▶ Task details
Where the string "dimtdec" occurs in a line of the entries below, copy that line.

▶ Records for processing
◆ ◆ ◆ ◆ ◆
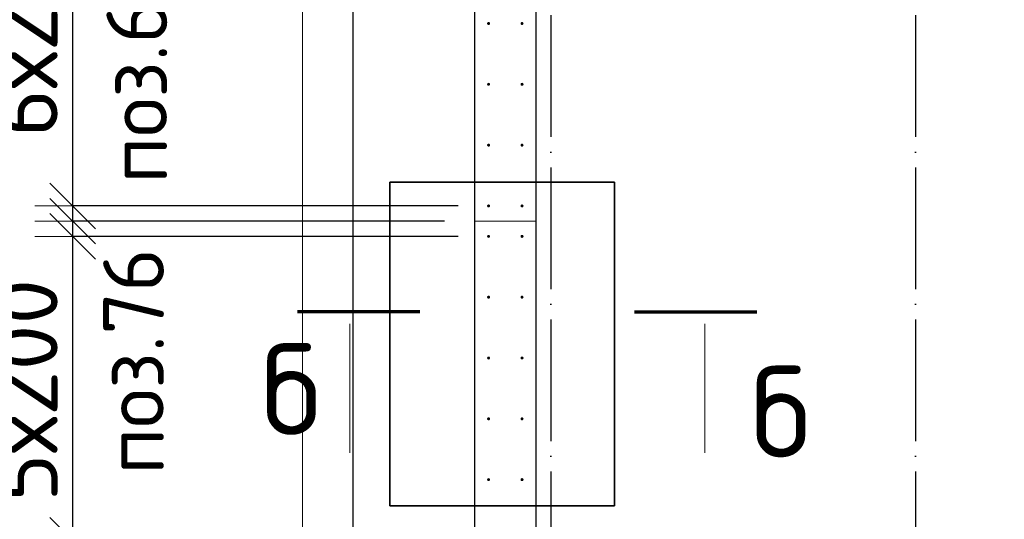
# Model space of a CAD drawing. Header units: millimetres. Extents: x 76517 to 124426, y -73423 to -21861.
# Tile 74 of 114: x 78252 to 81492, y -40070 to -38428. Entities that reach past the tile are written whole.
import ezdxf

# ---------------------------------------------------------------- set-up
doc = ezdxf.new("R2010")
doc.units = ezdxf.units.MM
doc.header["$PDMODE"] = 65
for name, pattern in [('______11', [500, 400, -50, 0, -50]), ('______2', [270, 200, -70]), ('______5', [1100, 800, -100, 100, -100])]:
    doc.linetypes.add(name, pattern=pattern)
for name, color, linetype, lineweight in [('Standard', 7, 'Continuous', 25), ('Арм.стержн. Выпуски', 180, 'Continuous', 35), ('Размерная линия_ общее', 7, 'Continuous', 13), ('Стена_ общее', 7, 'Continuous', 35), ('Фундамент_ общее', 7, 'Continuous', 35)]:
    doc.layers.add(name, color=color, linetype=linetype, lineweight=lineweight)
doc.layers.add('Осевая линия_ общее', color=7, linetype='______5', lineweight=13, true_color=0xa0a0a0)
doc.styles.add('ISOCPEUR', font='ISOCPEUR')
doc.dimstyles.new('DIMSTYLE_19', dxfattribs={"dimtxt": 220, "dimasz": 250, "dimexe": 0, "dimexo": 0, "dimgap": 110, "dimtad": 2, "dimdec": 0, "dimrnd": 1, "dimzin": 12, "dimdsep": 46, "dimtxsty": 'ISOCPEUR', "dimblk1": 'ALL_ML_STRICH', "dimblk2": 'ALL_ML_STRICH', "dimsah": 1, "dimcen": 0, "dimclrd": 7, "dimclre": 256, "dimclrt": 7, "dimadec": 0, "dimazin": 0, "dimtfac": 1, "dimtdec": 0, "dimtix": 1, "dimtmove": 2, "dimatfit": 3, "dimfxl": 0, "dimtvp": 1.2, "dimtzin": 0, "dimlwd": 0, "dimlwe": -3, "dimarcsym": 0})
doc.dimstyles.new('DIMSTYLE_23', dxfattribs={"dimtxt": 220, "dimasz": 250, "dimexe": 0, "dimexo": 0, "dimgap": 110, "dimtad": 2, "dimdec": 0, "dimrnd": 1, "dimzin": 12, "dimdsep": 46, "dimtxsty": 'ISOCPEUR', "dimblk1": 'ALL_ML_STRICH', "dimblk2": 'ALL_ML_STRICH', "dimsah": 1, "dimcen": 0, "dimclrd": 7, "dimclre": 256, "dimclrt": 7, "dimadec": 0, "dimazin": 0, "dimtfac": 1, "dimtdec": 0, "dimtix": 1, "dimtmove": 2, "dimatfit": 3, "dimfxl": 0, "dimtzin": 0, "dimlwd": 0, "dimlwe": -3, "dimarcsym": 0})

# ---------------------------------------------------------------- blocks, each defined once
blk = doc.blocks.new('ALL_ML_STRICH')
at = {"color": 0, "linetype": 'ByBlock', "lineweight": -2}
for p, q in [((0, -0.5), (0, 0.5)), ((-0.3, -0.3), (0.3, 0.3)), ((-1, 0), (0.5, 0))]:
    blk.add_line(p, q, dxfattribs=at)
blk = doc.blocks.new('*D274')
at = {"layer": 'DEFPOINTS', "color": 7, "linetype": 'Continuous', "lineweight": 13, "transparency": 33554687}
for p in [(79750, -40190), (78426.9, -40240), (79795, -40240)]:
    blk.add_point(p, dxfattribs=at)
at = {"layer": 'Размерная линия_ общее', "color": 253, "linetype": 'Continuous', "lineweight": -2, "true_color": 0xa0a0a0, "transparency": 33554687}
for p, q in [((79650, -40190), (78426.9, -40190)), ((79695, -40240), (78426.9, -40240))]:
    blk.add_line(p, q, dxfattribs=at)
at = {"layer": 'Размерная линия_ общее', "color": 7, "linetype": 'Continuous', "lineweight": -2, "transparency": 33554687}
blk.add_line((78426.9, -40240), (78426.9, -40190), dxfattribs=at)
at = {"layer": 'Размерная линия_ общее', "color": 7, "linetype": 'Continuous', "lineweight": 13, "transparency": 33554687, "xscale": 250, "yscale": 250, "zscale": 250}
for p, rotation in [((78426.9, -40240), 270), ((78426.9, -40190), 90)]:
    blk.add_blockref('ALL_ML_STRICH', p, dxfattribs=dict(at, rotation=rotation))
at = {"layer": 'Размерная линия_ общее', "color": 7, "linetype": 'Continuous', "lineweight": 13, "transparency": 33554687, "insert": (77889.7, -40506.7), "char_height": 220, "width": 440, "attachment_point": 5, "rotation": 90, "style": 'ISOCPEUR'}
blk.add_mtext('\\A1;{50}', dxfattribs=at)
blk = doc.blocks.new('*D275')
at = {"layer": 'DEFPOINTS', "color": 7, "linetype": 'Continuous', "lineweight": 13, "transparency": 33554687}
for p in [(79795, -40140), (78426.9, -40190), (79750, -40190)]:
    blk.add_point(p, dxfattribs=at)
at = {"layer": 'Размерная линия_ общее', "color": 253, "linetype": 'Continuous', "lineweight": -2, "true_color": 0xa0a0a0, "transparency": 33554687}
for p, q in [((79695, -40140), (78426.9, -40140)), ((79650, -40190), (78426.9, -40190))]:
    blk.add_line(p, q, dxfattribs=at)
at = {"layer": 'Размерная линия_ общее', "color": 7, "linetype": 'Continuous', "lineweight": -2, "transparency": 33554687}
blk.add_line((78426.9, -40190), (78426.9, -40140), dxfattribs=at)
at = {"layer": 'Размерная линия_ общее', "color": 7, "linetype": 'Continuous', "lineweight": 13, "transparency": 33554687, "xscale": 250, "yscale": 250, "zscale": 250}
for p, rotation in [((78426.9, -40190), 270), ((78426.9, -40140), 90)]:
    blk.add_blockref('ALL_ML_STRICH', p, dxfattribs=dict(at, rotation=rotation))
at = {"layer": 'Размерная линия_ общее', "color": 7, "linetype": 'Continuous', "lineweight": 13, "transparency": 33554687, "insert": (77891.9, -39937.7), "char_height": 220, "width": 440, "attachment_point": 5, "rotation": 90, "style": 'ISOCPEUR'}
blk.add_mtext('\\A1;{50}', dxfattribs=at)
blk = doc.blocks.new('*D276')
at = {"layer": 'DEFPOINTS', "color": 7, "linetype": 'Continuous', "lineweight": 13, "transparency": 33554687}
for p in [(79795, -39140), (78426.9, -40140), (79795, -40140)]:
    blk.add_point(p, dxfattribs=at)
at = {"layer": 'Размерная линия_ общее', "color": 253, "linetype": 'Continuous', "lineweight": -2, "true_color": 0xa0a0a0, "transparency": 33554687}
for p, q in [((79695, -39140), (78426.9, -39140)), ((79695, -40140), (78426.9, -40140))]:
    blk.add_line(p, q, dxfattribs=at)
at = {"layer": 'Размерная линия_ общее', "color": 7, "linetype": 'Continuous', "lineweight": -2, "transparency": 33554687}
blk.add_line((78426.9, -40140), (78426.9, -39140), dxfattribs=at)
at = {"layer": 'Размерная линия_ общее', "color": 7, "linetype": 'Continuous', "lineweight": 13, "transparency": 33554687, "xscale": 250, "yscale": 250, "zscale": 250}
for p, rotation in [((78426.9, -39140), 90), ((78426.9, -40140), 270)]:
    blk.add_blockref('ALL_ML_STRICH', p, dxfattribs=dict(at, rotation=rotation))
at = {"layer": 'Размерная линия_ общее', "color": 7, "linetype": 'Continuous', "lineweight": 13, "transparency": 33554687, "insert": (78156.9, -40014), "char_height": 220, "width": 11, "attachment_point": 1, "rotation": 90, "line_spacing_factor": 0.60241, "style": 'ISOCPEUR'}
blk.add_mtext('5х200', dxfattribs=at)
blk = doc.blocks.new('*D277')
at = {"layer": 'DEFPOINTS', "color": 7, "linetype": 'Continuous', "lineweight": 13, "transparency": 33554687}
for p in [(79750, -39090), (78426.9, -39140), (79795, -39140)]:
    blk.add_point(p, dxfattribs=at)
at = {"layer": 'Размерная линия_ общее', "color": 253, "linetype": 'Continuous', "lineweight": -2, "true_color": 0xa0a0a0, "transparency": 33554687}
for p, q in [((79650, -39090), (78426.9, -39090)), ((79695, -39140), (78426.9, -39140))]:
    blk.add_line(p, q, dxfattribs=at)
at = {"layer": 'Размерная линия_ общее', "color": 7, "linetype": 'Continuous', "lineweight": -2, "transparency": 33554687}
blk.add_line((78426.9, -39140), (78426.9, -39090), dxfattribs=at)
at = {"layer": 'Размерная линия_ общее', "color": 7, "linetype": 'Continuous', "lineweight": 13, "transparency": 33554687, "xscale": 250, "yscale": 250, "zscale": 250}
for p, rotation in [((78426.9, -39140), 270), ((78426.9, -39090), 90)]:
    blk.add_blockref('ALL_ML_STRICH', p, dxfattribs=dict(at, rotation=rotation))
at = {"layer": 'Размерная линия_ общее', "color": 7, "linetype": 'Continuous', "lineweight": 13, "transparency": 33554687, "insert": (77905.4, -39326.2), "char_height": 220, "width": 440, "attachment_point": 5, "rotation": 90, "style": 'ISOCPEUR'}
blk.add_mtext('\\A1;{50}', dxfattribs=at)
blk = doc.blocks.new('*D278')
at = {"layer": 'DEFPOINTS', "color": 7, "linetype": 'Continuous', "lineweight": 13, "transparency": 33554687}
for p in [(79795, -39040), (78426.9, -39090), (79750, -39090)]:
    blk.add_point(p, dxfattribs=at)
at = {"layer": 'Размерная линия_ общее', "color": 253, "linetype": 'Continuous', "lineweight": -2, "true_color": 0xa0a0a0, "transparency": 33554687}
for p, q in [((79695, -39040), (78426.9, -39040)), ((79650, -39090), (78426.9, -39090))]:
    blk.add_line(p, q, dxfattribs=at)
at = {"layer": 'Размерная линия_ общее', "color": 7, "linetype": 'Continuous', "lineweight": -2, "transparency": 33554687}
blk.add_line((78426.9, -39090), (78426.9, -39040), dxfattribs=at)
at = {"layer": 'Размерная линия_ общее', "color": 7, "linetype": 'Continuous', "lineweight": 13, "transparency": 33554687, "xscale": 250, "yscale": 250, "zscale": 250}
for p, rotation in [((78426.9, -39090), 270), ((78426.9, -39040), 90)]:
    blk.add_blockref('ALL_ML_STRICH', p, dxfattribs=dict(at, rotation=rotation))
at = {"layer": 'Размерная линия_ общее', "color": 7, "linetype": 'Continuous', "lineweight": 13, "transparency": 33554687, "insert": (77906.9, -38667.8), "char_height": 220, "width": 440, "attachment_point": 5, "rotation": 90, "style": 'ISOCPEUR'}
blk.add_mtext('\\A1;{50}', dxfattribs=at)
blk = doc.blocks.new('*D279')
at = {"layer": 'DEFPOINTS', "color": 7, "linetype": 'Continuous', "lineweight": 13, "transparency": 33554687}
for p in [(79795, -37840), (78426.9, -39040), (79795, -39040)]:
    blk.add_point(p, dxfattribs=at)
at = {"layer": 'Размерная линия_ общее', "color": 253, "linetype": 'Continuous', "lineweight": -2, "true_color": 0xa0a0a0, "transparency": 33554687}
for p, q in [((79695, -37840), (78426.9, -37840)), ((79695, -39040), (78426.9, -39040))]:
    blk.add_line(p, q, dxfattribs=at)
at = {"layer": 'Размерная линия_ общее', "color": 7, "linetype": 'Continuous', "lineweight": -2, "transparency": 33554687}
blk.add_line((78426.9, -39040), (78426.9, -37840), dxfattribs=at)
at = {"layer": 'Размерная линия_ общее', "color": 7, "linetype": 'Continuous', "lineweight": 13, "transparency": 33554687, "xscale": 250, "yscale": 250, "zscale": 250}
for p, rotation in [((78426.9, -37840), 90), ((78426.9, -39040), 270)]:
    blk.add_blockref('ALL_ML_STRICH', p, dxfattribs=dict(at, rotation=rotation))
at = {"layer": 'Размерная линия_ общее', "color": 7, "linetype": 'Continuous', "lineweight": 13, "transparency": 33554687, "insert": (78156.9, -38814), "char_height": 220, "width": 11, "attachment_point": 1, "rotation": 90, "line_spacing_factor": 0.60241, "style": 'ISOCPEUR'}
blk.add_mtext('6х200', dxfattribs=at)

msp = doc.modelspace()

# ---------------------------------------------------------------- hatches: boundary and pattern name
at = {"layer": 'Арм.стержн. Выпуски', "linetype": 'Continuous', "lineweight": 35, "transparency": 33554687}
for points in [[(79800, -38440), (79799.6, -38438.1), (79798.5, -38436.5), (79796.9, -38435.4), (79795, -38435), (79793.1, -38435.4), (79791.5, -38436.5), (79790.4, -38438.1), (79790, -38440), (79790.4, -38441.9), (79791.5, -38443.5), (79793.1, -38444.6), (79795, -38445), (79796.9, -38444.6), (79798.5, -38443.5), (79799.6, -38441.9)], [(79910, -38440), (79909.6, -38438.1), (79908.5, -38436.5), (79906.9, -38435.4), (79905, -38435), (79903.1, -38435.4), (79901.5, -38436.5), (79900.4, -38438.1), (79900, -38440), (79900.4, -38441.9), (79901.5, -38443.5), (79903.1, -38444.6), (79905, -38445), (79906.9, -38444.6), (79908.5, -38443.5), (79909.6, -38441.9)], [(79800, -38640), (79799.6, -38638.1), (79798.5, -38636.5), (79796.9, -38635.4), (79795, -38635), (79793.1, -38635.4), (79791.5, -38636.5), (79790.4, -38638.1), (79790, -38640), (79790.4, -38641.9), (79791.5, -38643.5), (79793.1, -38644.6), (79795, -38645), (79796.9, -38644.6), (79798.5, -38643.5), (79799.6, -38641.9)], [(79910, -38640), (79909.6, -38638.1), (79908.5, -38636.5), (79906.9, -38635.4), (79905, -38635), (79903.1, -38635.4), (79901.5, -38636.5), (79900.4, -38638.1), (79900, -38640), (79900.4, -38641.9), (79901.5, -38643.5), (79903.1, -38644.6), (79905, -38645), (79906.9, -38644.6), (79908.5, -38643.5), (79909.6, -38641.9)], [(79800, -38840), (79799.6, -38838.1), (79798.5, -38836.5), (79796.9, -38835.4), (79795, -38835), (79793.1, -38835.4), (79791.5, -38836.5), (79790.4, -38838.1), (79790, -38840), (79790.4, -38841.9), (79791.5, -38843.5), (79793.1, -38844.6), (79795, -38845), (79796.9, -38844.6), (79798.5, -38843.5), (79799.6, -38841.9)], [(79910, -38840), (79909.6, -38838.1), (79908.5, -38836.5), (79906.9, -38835.4), (79905, -38835), (79903.1, -38835.4), (79901.5, -38836.5), (79900.4, -38838.1), (79900, -38840), (79900.4, -38841.9), (79901.5, -38843.5), (79903.1, -38844.6), (79905, -38845), (79906.9, -38844.6), (79908.5, -38843.5), (79909.6, -38841.9)], [(79800, -39040), (79799.6, -39038.1), (79798.5, -39036.5), (79796.9, -39035.4), (79795, -39035), (79793.1, -39035.4), (79791.5, -39036.5), (79790.4, -39038.1), (79790, -39040), (79790.4, -39041.9), (79791.5, -39043.5), (79793.1, -39044.6), (79795, -39045), (79796.9, -39044.6), (79798.5, -39043.5), (79799.6, -39041.9)], [(79910, -39040), (79909.6, -39038.1), (79908.5, -39036.5), (79906.9, -39035.4), (79905, -39035), (79903.1, -39035.4), (79901.5, -39036.5), (79900.4, -39038.1), (79900, -39040), (79900.4, -39041.9), (79901.5, -39043.5), (79903.1, -39044.6), (79905, -39045), (79906.9, -39044.6), (79908.5, -39043.5), (79909.6, -39041.9)], [(79800, -39140), (79799.6, -39138.1), (79798.5, -39136.5), (79796.9, -39135.4), (79795, -39135), (79793.1, -39135.4), (79791.5, -39136.5), (79790.4, -39138.1), (79790, -39140), (79790.4, -39141.9), (79791.5, -39143.5), (79793.1, -39144.6), (79795, -39145), (79796.9, -39144.6), (79798.5, -39143.5), (79799.6, -39141.9)], [(79910, -39140), (79909.6, -39138.1), (79908.5, -39136.5), (79906.9, -39135.4), (79905, -39135), (79903.1, -39135.4), (79901.5, -39136.5), (79900.4, -39138.1), (79900, -39140), (79900.4, -39141.9), (79901.5, -39143.5), (79903.1, -39144.6), (79905, -39145), (79906.9, -39144.6), (79908.5, -39143.5), (79909.6, -39141.9)], [(79800, -39340), (79799.6, -39338.1), (79798.5, -39336.5), (79796.9, -39335.4), (79795, -39335), (79793.1, -39335.4), (79791.5, -39336.5), (79790.4, -39338.1), (79790, -39340), (79790.4, -39341.9), (79791.5, -39343.5), (79793.1, -39344.6), (79795, -39345), (79796.9, -39344.6), (79798.5, -39343.5), (79799.6, -39341.9)], [(79910, -39340), (79909.6, -39338.1), (79908.5, -39336.5), (79906.9, -39335.4), (79905, -39335), (79903.1, -39335.4), (79901.5, -39336.5), (79900.4, -39338.1), (79900, -39340), (79900.4, -39341.9), (79901.5, -39343.5), (79903.1, -39344.6), (79905, -39345), (79906.9, -39344.6), (79908.5, -39343.5), (79909.6, -39341.9)], [(79800, -39540), (79799.6, -39538.1), (79798.5, -39536.5), (79796.9, -39535.4), (79795, -39535), (79793.1, -39535.4), (79791.5, -39536.5), (79790.4, -39538.1), (79790, -39540), (79790.4, -39541.9), (79791.5, -39543.5), (79793.1, -39544.6), (79795, -39545), (79796.9, -39544.6), (79798.5, -39543.5), (79799.6, -39541.9)], [(79910, -39540), (79909.6, -39538.1), (79908.5, -39536.5), (79906.9, -39535.4), (79905, -39535), (79903.1, -39535.4), (79901.5, -39536.5), (79900.4, -39538.1), (79900, -39540), (79900.4, -39541.9), (79901.5, -39543.5), (79903.1, -39544.6), (79905, -39545), (79906.9, -39544.6), (79908.5, -39543.5), (79909.6, -39541.9)], [(79800, -39740), (79799.6, -39738.1), (79798.5, -39736.5), (79796.9, -39735.4), (79795, -39735), (79793.1, -39735.4), (79791.5, -39736.5), (79790.4, -39738.1), (79790, -39740), (79790.4, -39741.9), (79791.5, -39743.5), (79793.1, -39744.6), (79795, -39745), (79796.9, -39744.6), (79798.5, -39743.5), (79799.6, -39741.9)], [(79910, -39740), (79909.6, -39738.1), (79908.5, -39736.5), (79906.9, -39735.4), (79905, -39735), (79903.1, -39735.4), (79901.5, -39736.5), (79900.4, -39738.1), (79900, -39740), (79900.4, -39741.9), (79901.5, -39743.5), (79903.1, -39744.6), (79905, -39745), (79906.9, -39744.6), (79908.5, -39743.5), (79909.6, -39741.9)], [(79800, -39940), (79799.6, -39938.1), (79798.5, -39936.5), (79796.9, -39935.4), (79795, -39935), (79793.1, -39935.4), (79791.5, -39936.5), (79790.4, -39938.1), (79790, -39940), (79790.4, -39941.9), (79791.5, -39943.5), (79793.1, -39944.6), (79795, -39945), (79796.9, -39944.6), (79798.5, -39943.5), (79799.6, -39941.9)], [(79910, -39940), (79909.6, -39938.1), (79908.5, -39936.5), (79906.9, -39935.4), (79905, -39935), (79903.1, -39935.4), (79901.5, -39936.5), (79900.4, -39938.1), (79900, -39940), (79900.4, -39941.9), (79901.5, -39943.5), (79903.1, -39944.6), (79905, -39945), (79906.9, -39944.6), (79908.5, -39943.5), (79909.6, -39941.9)]]:
    msp.add_hatch(color=4, dxfattribs=at).paths.add_polyline_path(points)

# ---------------------------------------------------------------- linework, layer by layer
at = {"layer": 'Standard', "color": 52, "linetype": 'Continuous', "lineweight": 13, "transparency": 33554687}
for p, q in [((79469.7, -38961.9), (79469.7, -40025.8)), ((80209.7, -38961.9), (79469.7, -38961.9)), ((79469.7, -38961.9), (79469.7, -40025.8)), ((80209.7, -38961.9), (79469.7, -38961.9)), ((80209.7, -40025.8), (80209.7, -38961.9)), ((80209.7, -40025.8), (80209.7, -38961.9)), ((79469.7, -40025.8), (80209.7, -40025.8)), ((79469.7, -40025.8), (80209.7, -40025.8))]:
    msp.add_line(p, q, dxfattribs=at)
at = {"layer": 'Standard', "color": 52, "linetype": 'Continuous', "lineweight": 35, "transparency": 33554687}
for p, q in [((79469.7, -38961.9), (79469.7, -40025.8)), ((80209.7, -38961.9), (79469.7, -38961.9)), ((79469.7, -38961.9), (79469.7, -40025.8)), ((80209.7, -38961.9), (79469.7, -38961.9)), ((80209.7, -40025.8), (80209.7, -38961.9)), ((80209.7, -40025.8), (80209.7, -38961.9)), ((79469.7, -40025.8), (80209.7, -40025.8)), ((79469.7, -40025.8), (80209.7, -40025.8))]:
    msp.add_line(p, q, dxfattribs=at)
at = {"layer": 'Standard', "color": 7, "linetype": 'Continuous', "lineweight": 70, "transparency": 33554687}
for p, q in [((79568.7, -39387.8), (79166.7, -39387.8)), ((80275.4, -39387.8), (80677.4, -39387.8))]:
    msp.add_line(p, q, dxfattribs=at)
at = {"layer": 'Standard', "color": 7, "linetype": 'Continuous', "lineweight": 13, "transparency": 33554687}
for p, q in [((79338, -39427.8), (79338, -39851.8)), ((80506, -39427.8), (80506, -39851.8))]:
    msp.add_line(p, q, dxfattribs=at)
msp.add_lwpolyline([(79182.6, -70750), (105457, -70750), (105457, -23310), (79182.6, -23310), (79182.6, -70750)], dxfattribs=at)
at = {"layer": 'Осевая линия_ общее', "color": 253, "linetype": '______11', "lineweight": -3, "true_color": 0xa0a0a0, "transparency": 33554687}
for p, q in [((80000, -23410), (80000, -72827.9)), ((81200, -23410), (81200, -72827.9))]:
    msp.add_line(p, q, dxfattribs=at)
at = {"layer": 'Стена_ общее', "color": 7, "linetype": 'Continuous', "lineweight": 25, "transparency": 33554687}
for p, q in [((79750, -41500), (79750, -37580)), ((79750, -41500), (79750, -37580)), ((79950, -37780), (79950, -41500)), ((79950, -37780), (79950, -41500))]:
    msp.add_line(p, q, dxfattribs=at)
at = {"layer": 'Стена_ общее', "color": 253, "linetype": '______2', "lineweight": 18, "true_color": 0xababab, "transparency": 33554687}
msp.add_line((79950, -39090), (79750, -39090), dxfattribs=at)
msp.add_line((79950, -39090), (79750, -39090), dxfattribs=at)
at = {"layer": 'Фундамент_ общее', "color": 7, "lineweight": 25, "transparency": 33554687}
msp.add_line((79350, -42100), (79350, -37180), dxfattribs=at)
at = {"layer": 'Фундамент_ общее', "color": 7, "linetype": 'Continuous', "lineweight": 25, "transparency": 33554687}
msp.add_line((79350, -42100), (79350, -37180), dxfattribs=at)

# ---------------------------------------------------------------- texts
at = {"layer": 'Standard', "color": 7, "linetype": 'Continuous', "lineweight": 13, "transparency": 33554687, "char_height": 200, "attachment_point": 2, "rotation": 90, "style": 'ISOCPEUR'}
for s, insert, width in [('\\A1;{\\fISOCPEUR|i0|b0;\\H200.000000;\\W1.000000;\\C7;поз.68,69}\\P', (78537.6, -38408.5), 1196.491), ('\\A1;{\\fISOCPEUR|i0|b0;\\H200.000000;\\W1.000000;\\C7;поз.76}\\P', (78526.8, -39551.1), 844.937)]:
    msp.add_mtext(s, dxfattribs=dict(at, insert=insert, width=width))
at = {"layer": 'Standard', "color": 7, "linetype": 'Continuous', "lineweight": 13, "transparency": 33554687, "char_height": 300, "width": 326.667, "attachment_point": 7, "style": 'ISOCPEUR'}
for insert in [(79046.7, -39792.6), (80657.6, -39866.6)]:
    msp.add_mtext('\\A1;{\\fISOCPEUR|i0|b0;\\H300.000000;\\W1.000000;\\C7;б}\\P', dxfattribs=dict(at, insert=insert))

# ---------------------------------------------------------------- dimensions: what is measured, and where the dimension line sits
at = {"layer": 'Размерная линия_ общее', "color": 7, "linetype": 'Continuous', "lineweight": 13, "transparency": 33554687}
for base, p1, p2, text, picture, middle in [((78426.9, -37840), (79695, -39040), (79695, -37840), '6х200', '*D279', (78316.9, -38440)), ((78426.9, -39140), (79695, -40140), (79695, -39140), '5х200', '*D276', (78316.9, -39640))]:
    dim = msp.add_linear_dim(base=base, p1=p1, p2=p2, angle=90, text=text, dimstyle='DIMSTYLE_23', override={"dimpost": '<>', "dimclrd": 7, "dimclre": 253, "dimclrt": 7, "dimlwd": 0, "dimlwe": 65533}, dxfattribs=at)
    dim.commit()
    dim.dimension.update_dxf_attribs({"geometry": picture, "text_midpoint": middle, "dimtype": 160})
for base, p1, p2, picture, middle in [((78426.9, -39040), (79650, -39090), (79695, -39040), '*D278', (77906.9, -38667.8)), ((78426.9, -39090), (79695, -39140), (79650, -39090), '*D277', (77905.4, -39326.2)), ((78426.9, -40140), (79650, -40190), (79695, -40140), '*D275', (77891.9, -39937.7)), ((78426.9, -40190), (79695, -40240), (79650, -40190), '*D274', (77889.7, -40506.7))]:
    dim = msp.add_linear_dim(base=base, p1=p1, p2=p2, angle=90, dimstyle='DIMSTYLE_19', override={"dimpost": '<>', "dimclrd": 7, "dimclre": 253, "dimclrt": 7, "dimlwd": 0, "dimlwe": 65533}, dxfattribs=at)
    dim.commit()
    dim.dimension.update_dxf_attribs({"geometry": picture, "text_midpoint": middle, "dimtype": 160})

doc.saveas('drawing.dxf')
◆ ◆ ◆ ◆ ◆
▶ Exercise answer
doc.dimstyles.new('DIMSTYLE_19', dxfattribs={"dimtxt": 220, "dimasz": 250, "dimexe": 0, "dimexo": 0, "dimgap": 110, "dimtad": 2, "dimdec": 0, "dimrnd": 1, "dimzin": 12, "dimdsep": 46, "dimtxsty": 'ISOCPEUR', "dimblk1": 'ALL_ML_STRICH', "dimblk2": 'ALL_ML_STRICH', "dimsah": 1, "dimcen": 0, "dimclrd": 7, "dimclre": 256, "dimclrt": 7, "dimadec": 0, "dimazin": 0, "dimtfac": 1, "dimtdec": 0, "dimtix": 1, "dimtmove": 2, "dimatfit": 3, "dimfxl": 0, "dimtvp": 1.2, "dimtzin": 0, "dimlwd": 0, "dimlwe": -3, "dimarcsym": 0})
doc.dimstyles.new('DIMSTYLE_23', dxfattribs={"dimtxt": 220, "dimasz": 250, "dimexe": 0, "dimexo": 0, "dimgap": 110, "dimtad": 2, "dimdec": 0, "dimrnd": 1, "dimzin": 12, "dimdsep": 46, "dimtxsty": 'ISOCPEUR', "dimblk1": 'ALL_ML_STRICH', "dimblk2": 'ALL_ML_STRICH', "dimsah": 1, "dimcen": 0, "dimclrd": 7, "dimclre": 256, "dimclrt": 7, "dimadec": 0, "dimazin": 0, "dimtfac": 1, "dimtdec": 0, "dimtix": 1, "dimtmove": 2, "dimatfit": 3, "dimfxl": 0, "dimtzin": 0, "dimlwd": 0, "dimlwe": -3, "dimarcsym": 0})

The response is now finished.